Я послал Вильсону рассказ «Задание-выполнение» и краткое резюме «Портативного бессмертия».
Казалось бы, чего проще при этих условиях для русского джентльмена и писателя поддержать вновь прибывшего из Европы эмигранта и независимо от личных симпатий сказать влиятельному американцу: «Если Вам рассказ понравился, помогите литератору его напечатать».
Но нет. Это было бы слишком «пошло» для Набокова. Вот его ответ:
«Июль, 1943… О Яновском. Я часто встречал его в Париже, и это правда, что его работы оценивались положительно в некоторых кругах. Он he-man (…) Если Вы понимаете, что я имею в виду».
Редактор или издатель писем поставил многоточие, обозначающее пропуск. Слово he-man трудно перевести, буквально — мужчина, пожалуй, грубый человек, солдафон.
И Набоков продолжает:
«Он не умеет писать. Мне случилось сообщить Алданову, что благодаря Вам я имею возможность печатать здесь свои произведения, и, надо полагать, об этом все узнали, и теперь Вы начнете получать множество писем от моих несчастных собратьев (poor brethren)».
Бедный Набоков. Тут, пожалуй, следует напомнить, что он никогда никому никакой профессиональной помощи не оказывал. Обо всех писателях, за исключением, быть может, одного Ходасевича, он отзывался с одинаковым презрением. Достоевский— «третьестепенный писатель», а «Война и мир», это я слышал от него в Париже, — «недоделанная вещь». Набоков принадлежал к тому весьма распространенному типу художников, которые чувствуют потребность растоптать вокруг себя все живое, чтобы осознать себя гениями. По существу, они не уверены в себе.

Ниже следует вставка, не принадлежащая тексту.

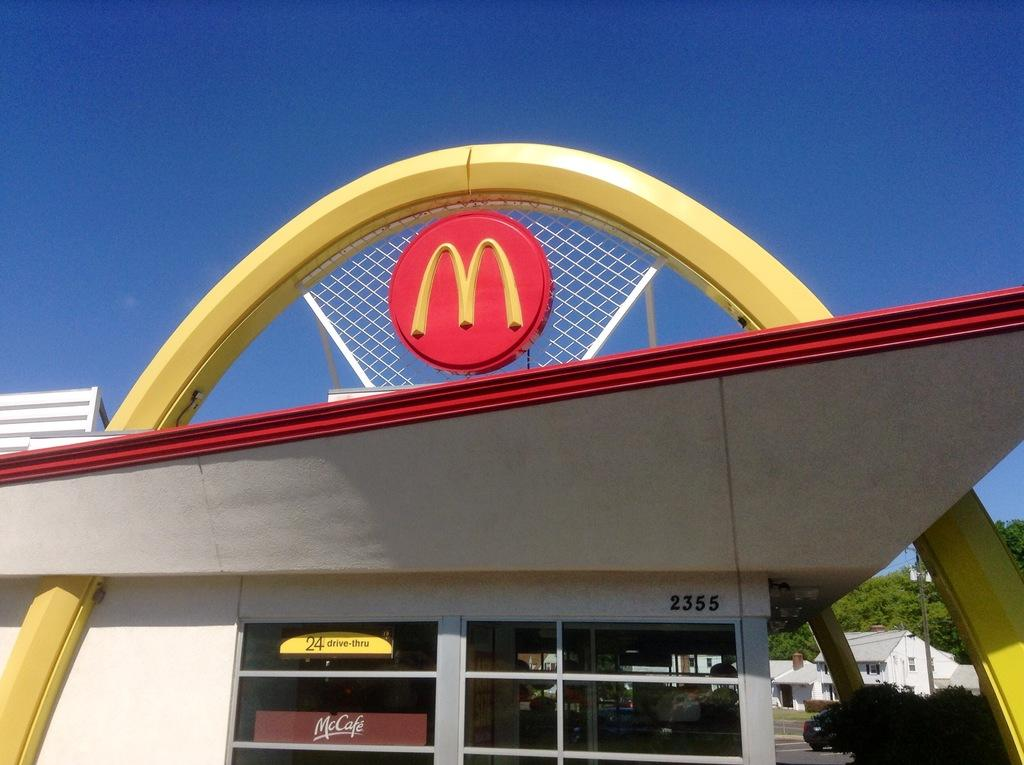What type of establishment is shown in the image? There is a store in the image. Can you describe any specific architectural details in the image? The image appears to show an architectural feature at the top. What can be seen in the sky in the image? The sky is visible in the image. What is visible in the background of the image? There are buildings and trees in the background of the image. What type of leather is being used by the laborer in the image? There is no laborer or leather present in the image. What kind of apparatus is being used by the workers in the image? There are no workers or apparatus present in the image.

Достоин внимания следующий эпизод. В тридцатых годах в Париже Фельзен и я отправились в одно французское издательство к Габриэлю Марселю — узнать о судьбе наших книг.
Там в кабинете редактора мы застали уже собиравшегося выйти Сирина.

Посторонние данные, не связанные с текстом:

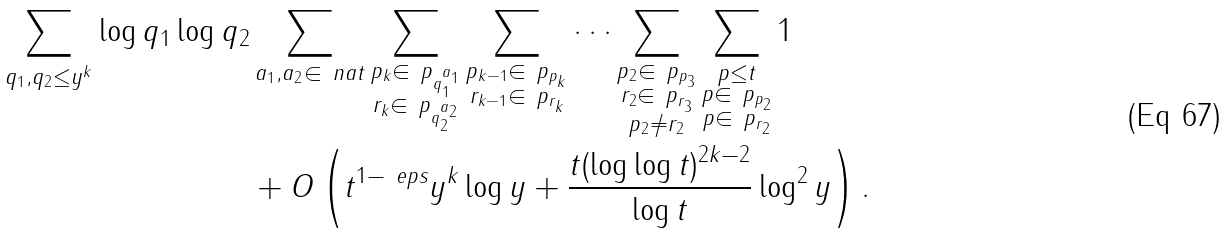Convert formula to latex. <formula><loc_0><loc_0><loc_500><loc_500>\sum _ { q _ { 1 } , q _ { 2 } \leq y ^ { k } } \log q _ { 1 } \log q _ { 2 } & \sum _ { a _ { 1 } , a _ { 2 } \in \ n a t } \sum _ { \substack { p _ { k } \in \ p _ { q _ { 1 } ^ { a _ { 1 } } } \\ r _ { k } \in \ p _ { q _ { 2 } ^ { a _ { 2 } } } } } \sum _ { \substack { p _ { k - 1 } \in \ p _ { p _ { k } } \\ r _ { k - 1 } \in \ p _ { r _ { k } } } } \dots \sum _ { \substack { p _ { 2 } \in \ p _ { p _ { 3 } } \\ r _ { 2 } \in \ p _ { r _ { 3 } } \\ p _ { 2 } \ne r _ { 2 } } } \sum _ { \substack { p \leq t \\ p \in \ p _ { p _ { 2 } } \\ p \in \ p _ { r _ { 2 } } } } 1 \\ & + O \left ( t ^ { 1 - \ e p s } y ^ { k } \log y + \frac { t ( \log \log t ) ^ { 2 k - 2 } } { \log t } \log ^ { 2 } y \right ) .</formula>

— Вот, — сказал философ (он тогда еще не был экзистенциалистом), — вот господин Сирин предлагает нам издать его произведение по-французски, — и он указал на свой длинный стол, где с краю лежало «Отчаяние».
Нам «Отчаяние» не могло нравиться. Мы тогда не любили «выдумок». Мы думали, что литература слишком серьезное дело, чтобы позволять сочинителям ею заниматься. Когда Сирин (на вечере в Лас-Каз) читал первые главы «Отчаяния» о том, как герой во время прогулки случайно наткнулся на своего «двойника» (что-то в этом роде), мы едва могли удержаться от смеха.
Тем не менее Фельзен, чистая душа, быстро и решительно отозвался:
— Я знаю эту книгу. Это очень хороший роман.
На что стройный в те годы Сирин низко поклонился своим несчастным собратьям (poor brethren) и сказал:
— Merci beaucoup.
Но это уже глава из новой книги — на другом континенте, даже полушарии. А то Замечательное Десятилетие кончилось и стало достоянием истории.
Братья, сестры последующих боен и мятежей, услышите ли вы наш живой голос?
Не жизни жаль с томительным дыханием.